WHAT YOU ARE ASKED TO DO – Locate the line containing "Same task for the toy car (358,151,401,207)." in the data below. Reproduce it and every following line up to the end, exactly as given.

(Stored items)
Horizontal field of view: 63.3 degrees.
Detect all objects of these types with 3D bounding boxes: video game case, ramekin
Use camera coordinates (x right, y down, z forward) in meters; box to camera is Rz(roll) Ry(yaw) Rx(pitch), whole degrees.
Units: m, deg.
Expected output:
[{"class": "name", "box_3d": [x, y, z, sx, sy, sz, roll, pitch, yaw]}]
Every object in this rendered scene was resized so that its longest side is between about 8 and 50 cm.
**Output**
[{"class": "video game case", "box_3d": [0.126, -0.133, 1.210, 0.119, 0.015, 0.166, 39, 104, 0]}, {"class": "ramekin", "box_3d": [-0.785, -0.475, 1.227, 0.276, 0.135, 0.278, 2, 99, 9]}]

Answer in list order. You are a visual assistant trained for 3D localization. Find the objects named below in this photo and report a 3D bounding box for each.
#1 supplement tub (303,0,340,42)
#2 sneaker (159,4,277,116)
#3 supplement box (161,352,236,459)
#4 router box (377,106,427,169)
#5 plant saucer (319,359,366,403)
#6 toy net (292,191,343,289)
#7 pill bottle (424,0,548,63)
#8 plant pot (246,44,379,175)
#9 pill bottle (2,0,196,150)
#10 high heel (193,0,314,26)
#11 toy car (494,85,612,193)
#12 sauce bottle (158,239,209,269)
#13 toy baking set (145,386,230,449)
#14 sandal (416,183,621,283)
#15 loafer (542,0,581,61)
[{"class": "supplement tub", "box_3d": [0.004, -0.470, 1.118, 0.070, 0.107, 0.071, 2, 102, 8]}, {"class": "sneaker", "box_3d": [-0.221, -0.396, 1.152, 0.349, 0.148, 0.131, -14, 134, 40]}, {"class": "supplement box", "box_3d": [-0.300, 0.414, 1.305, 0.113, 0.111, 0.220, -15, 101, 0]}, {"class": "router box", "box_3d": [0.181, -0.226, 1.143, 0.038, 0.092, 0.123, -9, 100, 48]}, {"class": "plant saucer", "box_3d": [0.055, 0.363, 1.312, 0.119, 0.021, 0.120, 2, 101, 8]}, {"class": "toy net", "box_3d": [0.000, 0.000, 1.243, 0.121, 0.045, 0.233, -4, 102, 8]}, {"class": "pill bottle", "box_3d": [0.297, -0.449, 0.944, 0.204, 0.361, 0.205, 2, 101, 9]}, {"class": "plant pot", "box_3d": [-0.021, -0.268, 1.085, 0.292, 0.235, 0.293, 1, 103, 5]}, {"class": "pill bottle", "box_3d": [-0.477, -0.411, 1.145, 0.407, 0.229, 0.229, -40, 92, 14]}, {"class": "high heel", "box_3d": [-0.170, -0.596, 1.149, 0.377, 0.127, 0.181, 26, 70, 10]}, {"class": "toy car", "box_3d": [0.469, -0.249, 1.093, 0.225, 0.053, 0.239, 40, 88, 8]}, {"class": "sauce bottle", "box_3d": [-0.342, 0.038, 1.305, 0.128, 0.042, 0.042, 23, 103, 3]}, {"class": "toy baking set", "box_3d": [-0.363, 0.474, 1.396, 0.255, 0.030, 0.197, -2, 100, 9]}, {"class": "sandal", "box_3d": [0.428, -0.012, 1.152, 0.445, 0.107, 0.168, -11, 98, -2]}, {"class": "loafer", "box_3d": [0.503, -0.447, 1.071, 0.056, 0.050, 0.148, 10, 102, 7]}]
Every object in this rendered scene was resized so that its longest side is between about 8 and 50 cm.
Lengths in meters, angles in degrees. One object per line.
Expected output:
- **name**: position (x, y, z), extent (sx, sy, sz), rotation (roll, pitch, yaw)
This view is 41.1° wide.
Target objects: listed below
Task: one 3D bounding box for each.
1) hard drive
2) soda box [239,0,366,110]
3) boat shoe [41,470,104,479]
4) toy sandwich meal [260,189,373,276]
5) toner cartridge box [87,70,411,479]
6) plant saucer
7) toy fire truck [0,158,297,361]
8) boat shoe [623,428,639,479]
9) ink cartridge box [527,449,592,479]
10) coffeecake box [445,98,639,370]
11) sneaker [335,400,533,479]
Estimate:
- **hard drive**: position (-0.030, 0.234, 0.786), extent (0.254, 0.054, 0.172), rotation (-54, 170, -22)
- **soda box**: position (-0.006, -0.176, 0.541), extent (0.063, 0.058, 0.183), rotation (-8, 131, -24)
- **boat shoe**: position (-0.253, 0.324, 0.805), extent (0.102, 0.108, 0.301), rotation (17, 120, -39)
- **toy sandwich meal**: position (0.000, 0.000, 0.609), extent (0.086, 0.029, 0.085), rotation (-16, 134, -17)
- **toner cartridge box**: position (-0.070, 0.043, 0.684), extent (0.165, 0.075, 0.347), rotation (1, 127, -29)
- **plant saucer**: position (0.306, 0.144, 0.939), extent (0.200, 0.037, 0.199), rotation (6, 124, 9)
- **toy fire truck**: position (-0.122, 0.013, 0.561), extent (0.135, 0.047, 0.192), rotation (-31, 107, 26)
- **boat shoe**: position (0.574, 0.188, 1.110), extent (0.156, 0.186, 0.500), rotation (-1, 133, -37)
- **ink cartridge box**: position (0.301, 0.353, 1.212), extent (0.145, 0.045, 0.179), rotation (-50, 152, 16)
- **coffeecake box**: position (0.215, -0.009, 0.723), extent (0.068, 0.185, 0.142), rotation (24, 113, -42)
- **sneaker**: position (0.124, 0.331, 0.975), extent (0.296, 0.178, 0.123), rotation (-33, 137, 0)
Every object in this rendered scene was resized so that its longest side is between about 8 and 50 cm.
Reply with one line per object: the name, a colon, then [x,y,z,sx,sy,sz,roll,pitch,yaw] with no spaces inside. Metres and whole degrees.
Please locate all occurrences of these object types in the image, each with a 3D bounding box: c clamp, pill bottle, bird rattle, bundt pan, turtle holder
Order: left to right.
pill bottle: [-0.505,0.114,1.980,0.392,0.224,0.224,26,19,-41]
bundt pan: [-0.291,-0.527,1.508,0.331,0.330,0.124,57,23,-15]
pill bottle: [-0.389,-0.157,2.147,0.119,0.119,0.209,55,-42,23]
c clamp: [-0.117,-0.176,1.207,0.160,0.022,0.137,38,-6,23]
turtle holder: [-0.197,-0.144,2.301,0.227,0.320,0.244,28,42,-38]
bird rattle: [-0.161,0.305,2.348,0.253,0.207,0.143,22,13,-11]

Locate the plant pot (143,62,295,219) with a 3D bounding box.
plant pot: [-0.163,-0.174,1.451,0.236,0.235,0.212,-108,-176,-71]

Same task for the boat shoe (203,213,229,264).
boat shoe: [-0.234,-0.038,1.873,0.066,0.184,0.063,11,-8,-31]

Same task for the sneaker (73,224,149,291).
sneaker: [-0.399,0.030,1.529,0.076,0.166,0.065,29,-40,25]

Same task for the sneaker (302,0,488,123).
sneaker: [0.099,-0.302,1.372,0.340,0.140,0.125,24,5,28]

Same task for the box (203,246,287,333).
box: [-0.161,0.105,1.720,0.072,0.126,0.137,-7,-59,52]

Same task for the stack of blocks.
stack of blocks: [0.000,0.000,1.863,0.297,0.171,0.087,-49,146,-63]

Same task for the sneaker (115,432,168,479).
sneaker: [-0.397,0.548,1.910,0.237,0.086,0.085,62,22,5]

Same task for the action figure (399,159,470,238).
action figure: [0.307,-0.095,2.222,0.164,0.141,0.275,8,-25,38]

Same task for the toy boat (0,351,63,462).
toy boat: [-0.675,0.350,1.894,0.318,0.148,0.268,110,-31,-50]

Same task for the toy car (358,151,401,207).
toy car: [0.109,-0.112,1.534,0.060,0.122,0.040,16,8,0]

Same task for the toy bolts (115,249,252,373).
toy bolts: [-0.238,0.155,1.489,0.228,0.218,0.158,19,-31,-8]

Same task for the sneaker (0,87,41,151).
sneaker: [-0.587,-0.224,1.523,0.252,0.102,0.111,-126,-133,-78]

YOUR SOLUTION –
Same task for the toy car (358,151,401,207).
toy car: [0.109,-0.112,1.534,0.060,0.122,0.040,16,8,0]

Same task for the toy bolts (115,249,252,373).
toy bolts: [-0.238,0.155,1.489,0.228,0.218,0.158,19,-31,-8]

Same task for the sneaker (0,87,41,151).
sneaker: [-0.587,-0.224,1.523,0.252,0.102,0.111,-126,-133,-78]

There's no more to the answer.